Motion. Effort. Locomotion; Standing, Walking, Running, Jumping, Swimming.

Motion

Physiologists remark several varieties of motion which may be grouped in two—voluntary and involuntary movements. Among the involuntary movements, which are also called automatic, some result from the impression produced by an idea, a passion, or a scene, gay or sad, or by a movement identical with that which is produced. Such are laughing, and the motions of the face expressing sadness, anger, fear, and other moral or physical impressions; trembling of the limbs in consequence of deep emotion, yawning, and so forth. Others proceed from the excitement of the sensitive nerves, such as sneezing, coughing, winking, chattering of the teeth, or shivering after a cold bath.

In certain cases, in fact, impressions transmitted from the organs to the brain, either directly by the nerves of sensation or indirectly by the spinal cord, without any sensation taking place, or what amounts to the same thing, without our being conscious of any, occasion an excitement which is transmitted to the motor-nerves, and causes movements in which the will has no part. These movements are generally executed by the muscles of organic life, which are not under the control of the will; but they can also be made by those which are under its control. These are called reflex movements. Some of them are undoubtedly automatic; as for the others, it has not been demonstrated that a sensation and an act of the will do not precede the muscular contraction. Thus sneezing and coughing are independent of the will, it can neither prevent them nor arrest their development It is the same with the chattering of the teeth, with shivering and winking of the eyelids on contact with the air, with the tears, or only when a foreign body menaces the eye. In this last case, although the muscular contraction is instantaneous and seems to be involuntary, it is evidently preceded by a sensation which the eye has transmitted to the brain. This may even be considered as voluntary, since if the attention is excited, the will can oppose the instinctive movement.

Other movements take place in the organism of which we have more or less perception; when a carriage threatens to overset, for example, we throw ourselves to the side opposite the inclination; or when suddenly coming on the edge of a precipice the body stiffens or is thrown backward; and when a player at ball or billiards inclines or turns in the same direction in which he wishes to direct his ball. Analogous phenomena are caused by a sort of attraction or instinctive imitation. When, for example, the eyes follow the movement of a great waterfall into a gulf, the body very soon follows the oscillations, though we do not perceive them until the motion becomes so great as to threaten to drag us into the abyss. We are indebted to M. Chevreul for the observation and explanation of effects of this nature, of which charlatanism avails itself in table-turning. If the elbow be placed upon a table, and a pendulum formed of a string and a ring be held in the hand, and we fix the eyes on the ring, we shall soon see it begin to oscillate, although the arm apparently remains immovable; the oscillations may keep the same direction, or change according to the mental desire, and this without any bad faith or a consenting movement on the part of the person holding the pendulum. But if we place a support under the hand near the end of the fingers, or a bandage over the eyes of the experimenter, the oscillations cease. They were caused by an almost imperceptible and involuntary movement of the fore-arm and hand, under the influence of the eyes looking at the ring and the direction that it takes. And again it is a similar movement or series of movements which gives the impulse to the turning table; in the unconsciousness of the muscular contraction lies all the merit of this phenomenon, which loses its marvellous character as soon as you show the too credulous performers that they themselves are the involuntary movers.
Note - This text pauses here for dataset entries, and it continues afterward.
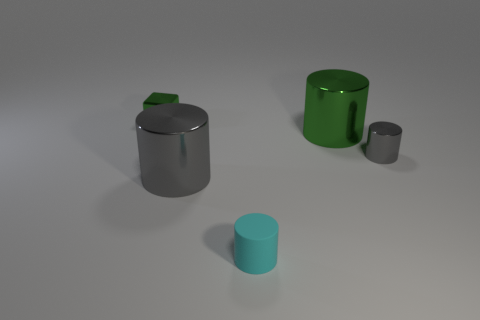Are there any visual cues about the setting of these objects? The cylinders are placed on a flat, neutral-tone surface with a soft shadow outlining each object, suggesting a diffuse light source overhead, creating a simple and controlled environment that might be used for product display or a design showcase. Is there anything unique about the smallest cylinder? The smallest cylinder displays a distinctive aqua color, contrasting with the other cylinders' more muted tones, and it lacks any apparent lid or opening, unlike the larger gray cylinder next to it. 
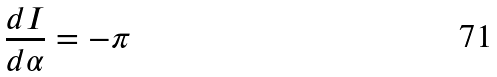Convert formula to latex. <formula><loc_0><loc_0><loc_500><loc_500>\frac { d I } { d \alpha } = - \pi</formula> 
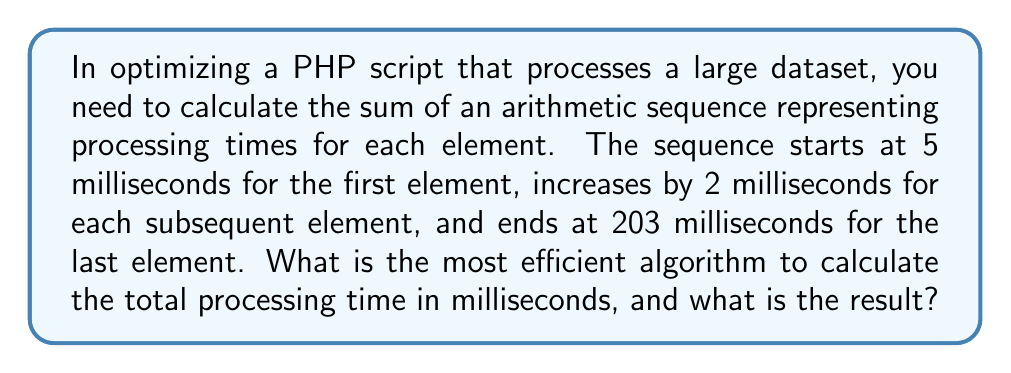Teach me how to tackle this problem. To solve this problem efficiently, we can use the formula for the sum of an arithmetic sequence:

$$ S = \frac{n(a_1 + a_n)}{2} $$

Where:
$S$ is the sum of the sequence
$n$ is the number of terms
$a_1$ is the first term
$a_n$ is the last term

Step 1: Identify the known values
$a_1 = 5$ (first term)
$a_n = 203$ (last term)
$d = 2$ (common difference)

Step 2: Calculate the number of terms
We can use the arithmetic sequence formula:
$$ a_n = a_1 + (n-1)d $$
$$ 203 = 5 + (n-1)2 $$
$$ 198 = (n-1)2 $$
$$ 99 = n-1 $$
$$ n = 100 $$

Step 3: Apply the sum formula
$$ S = \frac{100(5 + 203)}{2} $$
$$ S = \frac{100(208)}{2} $$
$$ S = 10400 $$

This algorithm is O(1) in time complexity, making it highly efficient for large datasets.
Answer: 10400 milliseconds 
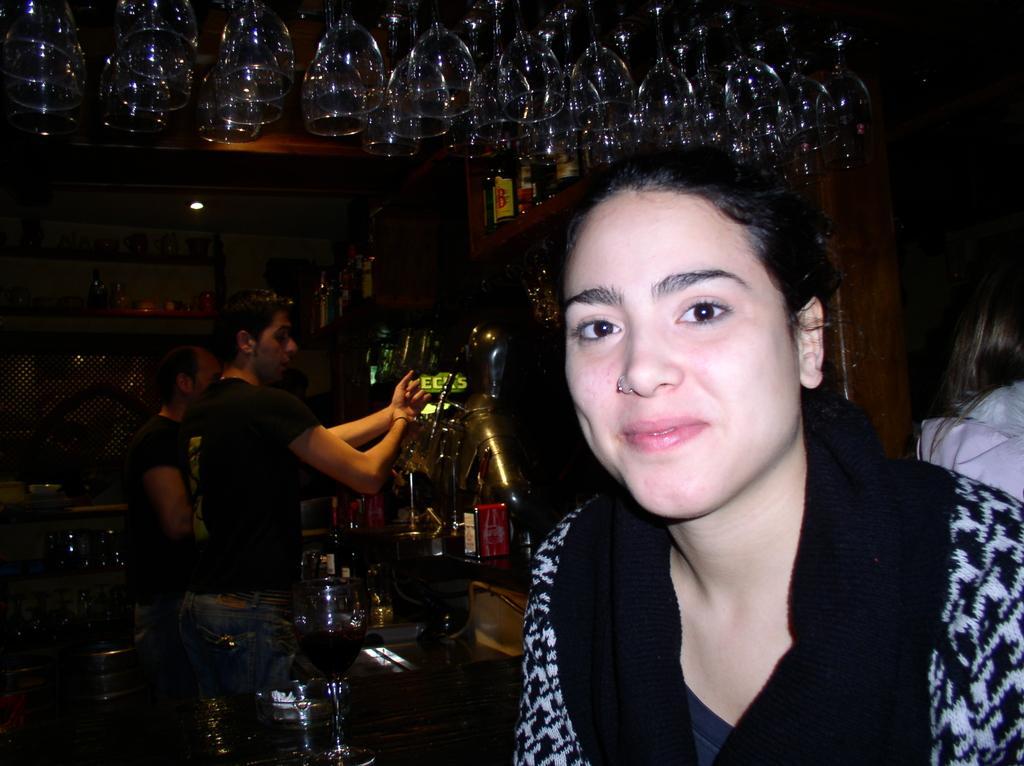Describe this image in one or two sentences. In this picture there is a woman wearing black and white dress is in the right corner and there are few glasses above her and there are two persons and some other objects in the background.

Voluntary movements, as their name indicates, are produced under the influence of the will, but not under its direct or immediate action. The volition of the movements of locomotion, for example, emanate from a certain part of the brain, from the cerebral lobes; but in order that the movement may be executed, the muscles must contract, and this muscular contraction owes its origin to a force which emanates from the occipital protuberance, a different part of the brain from that which gives birth to thought. Observations on paralytics prove that the will is insufficient to produce movement.
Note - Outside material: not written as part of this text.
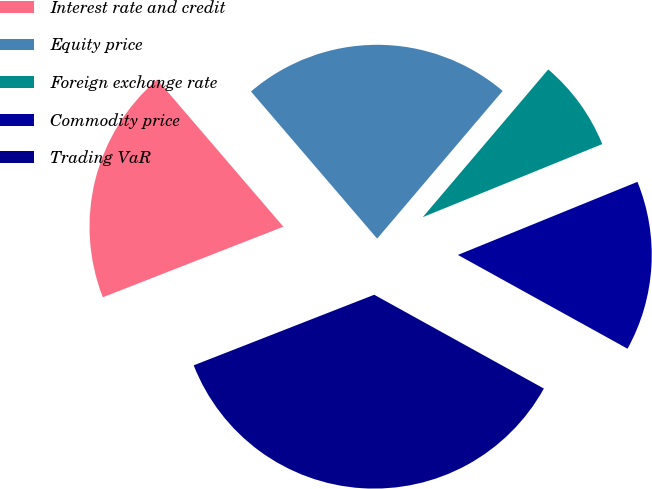Convert chart to OTSL. <chart><loc_0><loc_0><loc_500><loc_500><pie_chart><fcel>Interest rate and credit<fcel>Equity price<fcel>Foreign exchange rate<fcel>Commodity price<fcel>Trading VaR<nl><fcel>19.65%<fcel>22.49%<fcel>7.64%<fcel>14.19%<fcel>36.03%<nl></chart>

In order that movements may be executed in the order and with the unity necessary to the accomplishment of the will, they must be co-ordinate. Several physiologists, and especially Flourens, have regarded the cerebellum as the organ essential to this co-ordination of movement A lesion of this part of the brain produces a disturbance in locomotion similar to that caused by drunkenness; but pathological observation has demonstrated that there is sometimes absence of co-ordination when the cerebellum is not affected.

The muscles unite in the voluntary movements, some as motors, and others, antagonistic to these, as the moderators of movement M. Duchenne (of Boulogne) has shown that in the voluntary movements of the limbs and the trunk these two systems of muscles, impulsive and modifying, are simultaneously contracted by a double nervous excitation; one to produce the movement and the other to modify it. Without this unity of intention between the antagonistic muscles, the movements would lose their precision and their certainty.